A second-order nonlinearity associated with the mixer produces an undesirable intermodulation product between two RF input frequencies. Ideally, for example, two RF input signals having different frequencies that are provided to the mixer within its frequency band should not produce a cross-modulation signal since the ideal transfer characteristic of the mixer would be perfectly linear. However, non-ideal mixers have a transfer characteristic that is nonlinear to some degree corresponding to second-order and greater nonlinear terms. The second-order nonlinearity will cause a spurious cross-modulation signal to be generated from two in-band RF input signal frequencies applied to the mixer. If this spurious cross-modulation signal is too large, the performance of the mixer and the associated quality of reception are degraded.

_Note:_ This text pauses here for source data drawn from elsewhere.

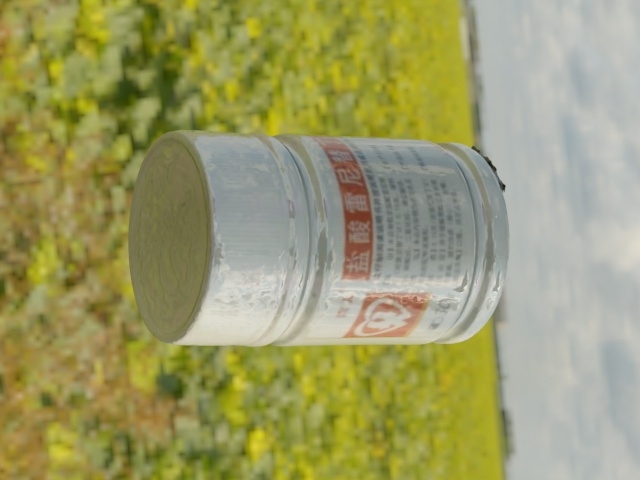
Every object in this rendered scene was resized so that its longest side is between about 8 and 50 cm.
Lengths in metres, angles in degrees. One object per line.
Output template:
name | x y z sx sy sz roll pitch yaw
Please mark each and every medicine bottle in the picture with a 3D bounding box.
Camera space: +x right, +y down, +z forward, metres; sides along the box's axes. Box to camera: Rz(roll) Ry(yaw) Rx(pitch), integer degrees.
medicine bottle | 0.000 0.000 0.488 0.057 0.089 0.057 -5 -95 62
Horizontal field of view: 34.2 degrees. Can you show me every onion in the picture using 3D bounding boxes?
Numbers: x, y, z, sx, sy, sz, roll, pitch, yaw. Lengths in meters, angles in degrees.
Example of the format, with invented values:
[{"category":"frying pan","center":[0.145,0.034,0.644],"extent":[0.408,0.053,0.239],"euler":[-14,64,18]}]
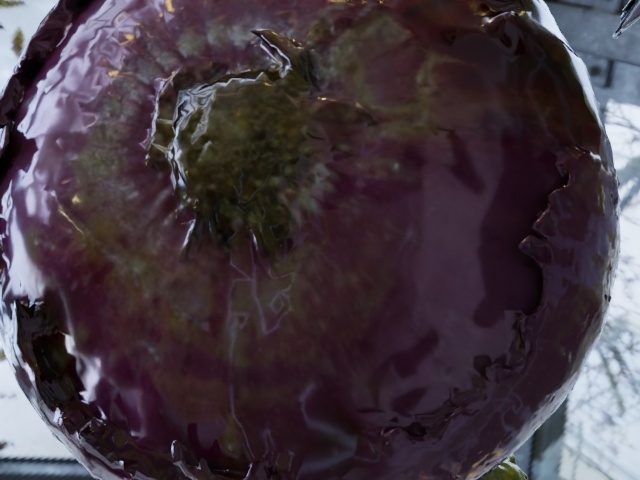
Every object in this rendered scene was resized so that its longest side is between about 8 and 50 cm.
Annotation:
[{"category":"onion","center":[-0.020,-0.014,0.612],"extent":[0.358,0.345,0.358],"euler":[1,-96,-9]}]

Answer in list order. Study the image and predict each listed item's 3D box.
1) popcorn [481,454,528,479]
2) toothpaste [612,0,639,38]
[{"category":"popcorn","center":[0.098,0.169,0.668],"extent":[0.083,0.059,0.068],"euler":[-32,-63,-15]},{"category":"toothpaste","center":[0.277,-0.215,0.766],"extent":[0.028,0.045,0.170],"euler":[43,-76,3]}]
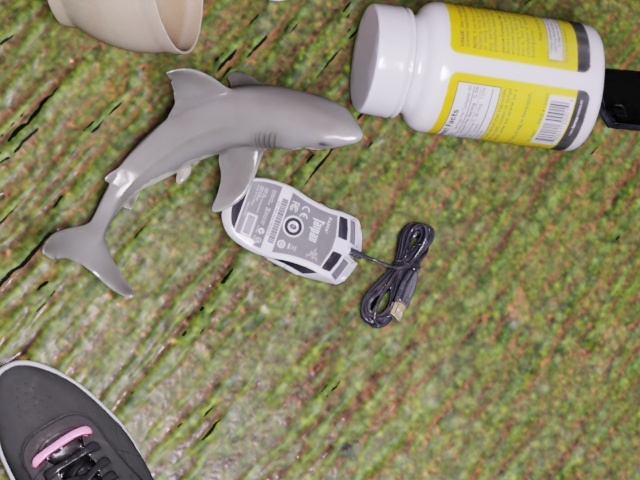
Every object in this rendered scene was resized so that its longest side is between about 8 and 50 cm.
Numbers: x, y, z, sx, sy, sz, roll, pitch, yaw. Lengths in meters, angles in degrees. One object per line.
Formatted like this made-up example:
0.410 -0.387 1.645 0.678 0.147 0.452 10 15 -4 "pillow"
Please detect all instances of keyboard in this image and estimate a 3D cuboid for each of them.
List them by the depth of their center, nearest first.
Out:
0.352 -0.112 1.607 0.192 0.038 0.100 4 53 -12 "keyboard"

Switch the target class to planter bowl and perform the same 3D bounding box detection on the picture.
-0.175 -0.236 1.446 0.109 0.162 0.162 -4 77 13 "planter bowl"

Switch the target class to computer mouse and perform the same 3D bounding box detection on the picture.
0.000 0.000 1.484 0.193 0.042 0.106 24 77 -13 "computer mouse"

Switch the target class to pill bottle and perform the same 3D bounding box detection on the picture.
0.139 -0.151 1.511 0.208 0.119 0.119 7 76 -12 "pill bottle"

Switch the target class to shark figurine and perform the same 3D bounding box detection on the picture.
-0.124 -0.087 1.425 0.278 0.116 0.166 -30 51 -2 "shark figurine"

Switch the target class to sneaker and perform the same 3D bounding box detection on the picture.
-0.167 0.212 1.337 0.104 0.147 0.296 -32 85 -16 "sneaker"

The second-order nonlinearity of the mixer is related to mixer imbalance wherein several mixer attributes typically contribute to this imbalance. Ideally, devices used in the mixer should have identical or perfectly matched characteristics related to switching parameters or properties associated with conducting and not conducting states. Additionally, phase errors associated with multiphase mixers may also contribute to mixer imbalance, as well. That is, if two local oscillator phases employed in the mixer differ from their intended phases, mixer imbalance will typically result. Generally, each of these characteristics contributes in some degree to increasing the mixer imbalance and its corresponding second-order nonlinearity. Therefore, mismatch contributions from such a broad-based combination of characteristics essentially assures some degree of imbalance in a mixer.
Accordingly, what is needed in the art is an effective way to decrease the second-order nonlinearity of a mixer.